▸ **Work instructions**
Produce a faithful copy of every record below, without the pictures.

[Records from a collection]
- - - - - - -

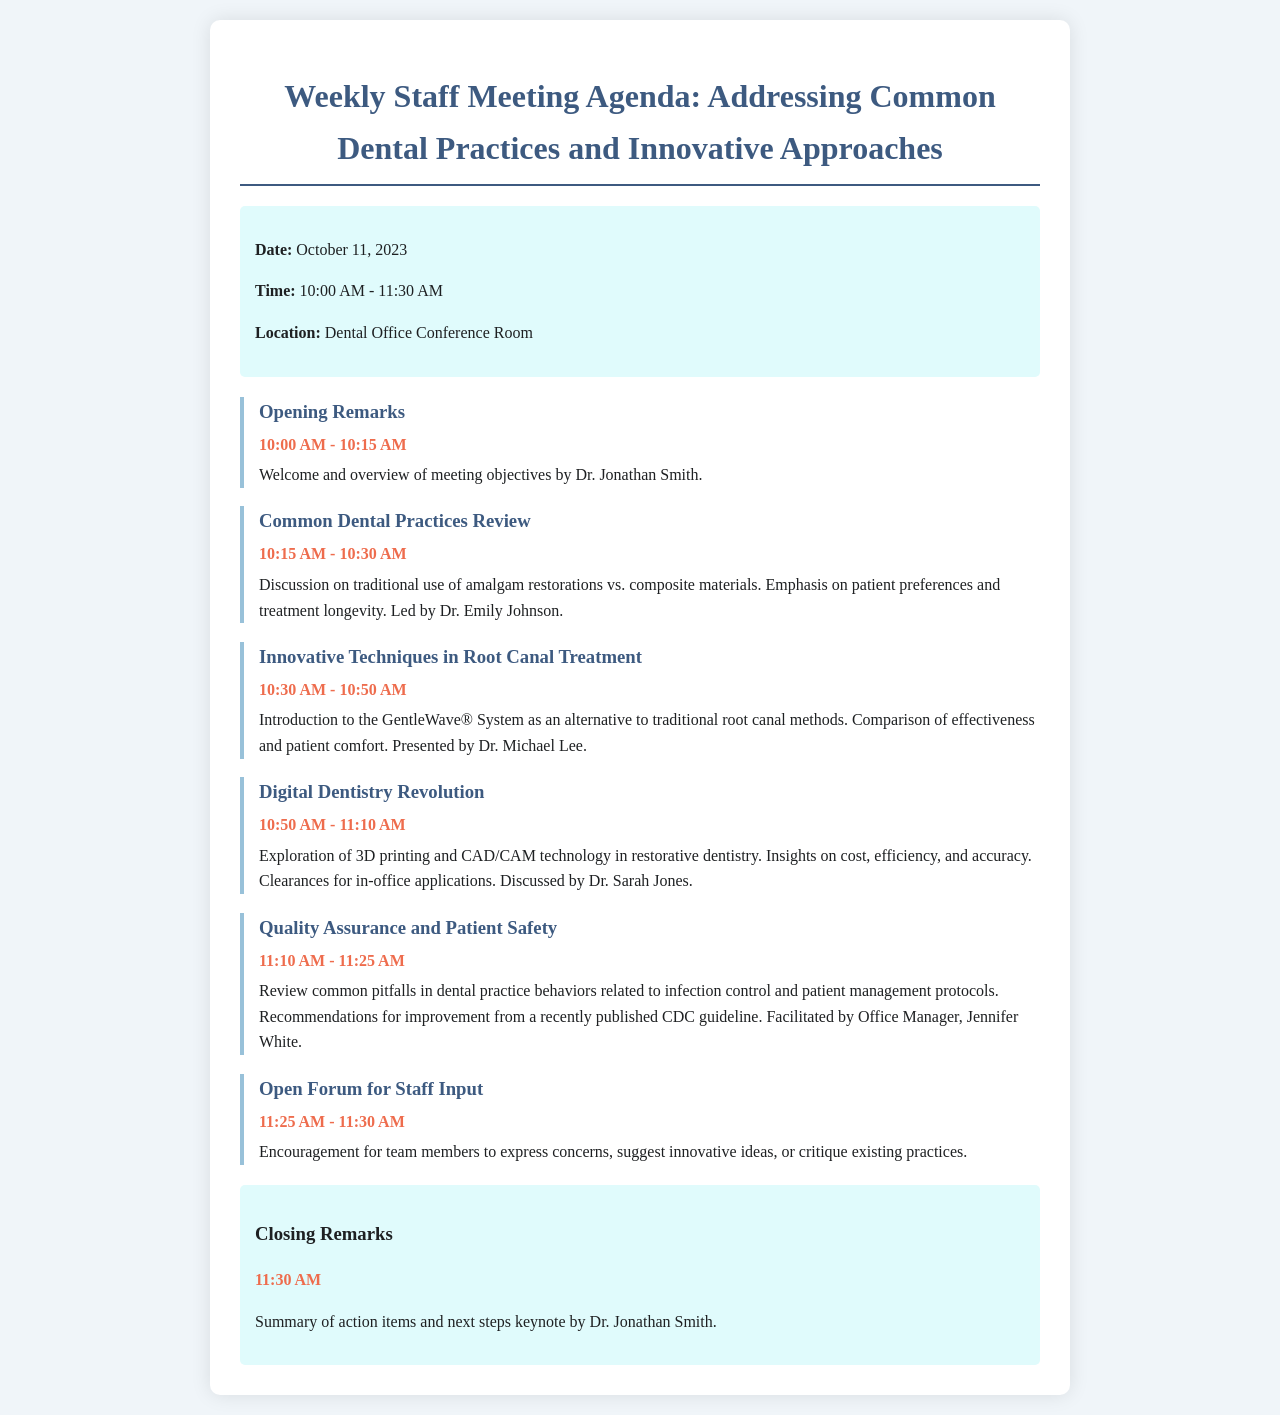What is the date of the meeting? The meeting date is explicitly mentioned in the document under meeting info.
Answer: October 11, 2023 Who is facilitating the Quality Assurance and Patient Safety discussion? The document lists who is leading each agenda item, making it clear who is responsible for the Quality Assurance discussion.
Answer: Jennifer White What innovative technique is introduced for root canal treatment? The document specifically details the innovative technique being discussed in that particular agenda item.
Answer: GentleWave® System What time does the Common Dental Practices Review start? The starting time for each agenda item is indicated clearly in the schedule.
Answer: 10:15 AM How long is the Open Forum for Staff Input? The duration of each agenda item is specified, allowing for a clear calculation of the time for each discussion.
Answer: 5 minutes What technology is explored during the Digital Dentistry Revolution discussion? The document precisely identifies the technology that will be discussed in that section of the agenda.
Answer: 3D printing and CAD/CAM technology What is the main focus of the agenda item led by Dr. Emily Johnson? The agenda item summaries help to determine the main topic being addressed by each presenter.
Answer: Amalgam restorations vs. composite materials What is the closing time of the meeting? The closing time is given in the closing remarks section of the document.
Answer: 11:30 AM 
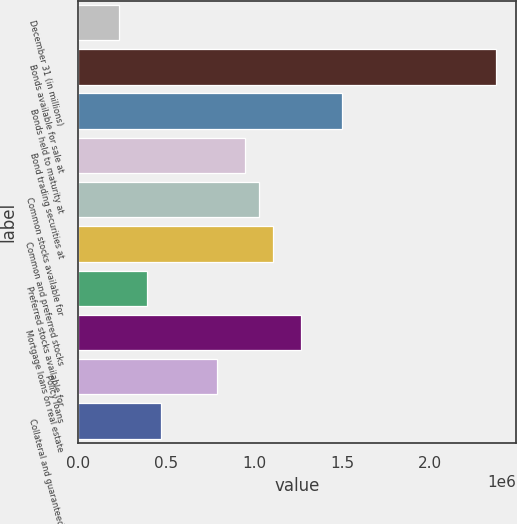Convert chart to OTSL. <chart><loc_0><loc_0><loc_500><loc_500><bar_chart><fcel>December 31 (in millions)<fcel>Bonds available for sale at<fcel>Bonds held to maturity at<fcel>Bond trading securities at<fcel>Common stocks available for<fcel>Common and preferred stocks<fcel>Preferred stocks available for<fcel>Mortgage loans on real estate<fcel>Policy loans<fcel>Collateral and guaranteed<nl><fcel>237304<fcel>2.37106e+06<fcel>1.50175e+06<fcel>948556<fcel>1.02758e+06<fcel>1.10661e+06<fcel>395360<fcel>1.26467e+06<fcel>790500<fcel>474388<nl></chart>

- - - - - - -

▸ **Task output**
What is the date of the meeting? The meeting date is explicitly mentioned in the document under meeting info.
Answer: October 11, 2023 Who is facilitating the Quality Assurance and Patient Safety discussion? The document lists who is leading each agenda item, making it clear who is responsible for the Quality Assurance discussion.
Answer: Jennifer White What innovative technique is introduced for root canal treatment? The document specifically details the innovative technique being discussed in that particular agenda item.
Answer: GentleWave® System What time does the Common Dental Practices Review start? The starting time for each agenda item is indicated clearly in the schedule.
Answer: 10:15 AM How long is the Open Forum for Staff Input? The duration of each agenda item is specified, allowing for a clear calculation of the time for each discussion.
Answer: 5 minutes What technology is explored during the Digital Dentistry Revolution discussion? The document precisely identifies the technology that will be discussed in that section of the agenda.
Answer: 3D printing and CAD/CAM technology What is the main focus of the agenda item led by Dr. Emily Johnson? The agenda item summaries help to determine the main topic being addressed by each presenter.
Answer: Amalgam restorations vs. composite materials What is the closing time of the meeting? The closing time is given in the closing remarks section of the document.
Answer: 11:30 AM 
Convert chart to OTSL. <chart><loc_0><loc_0><loc_500><loc_500><bar_chart><fcel>December 31 (in millions)<fcel>Bonds available for sale at<fcel>Bonds held to maturity at<fcel>Bond trading securities at<fcel>Common stocks available for<fcel>Common and preferred stocks<fcel>Preferred stocks available for<fcel>Mortgage loans on real estate<fcel>Policy loans<fcel>Collateral and guaranteed<nl><fcel>237304<fcel>2.37106e+06<fcel>1.50175e+06<fcel>948556<fcel>1.02758e+06<fcel>1.10661e+06<fcel>395360<fcel>1.26467e+06<fcel>790500<fcel>474388<nl></chart>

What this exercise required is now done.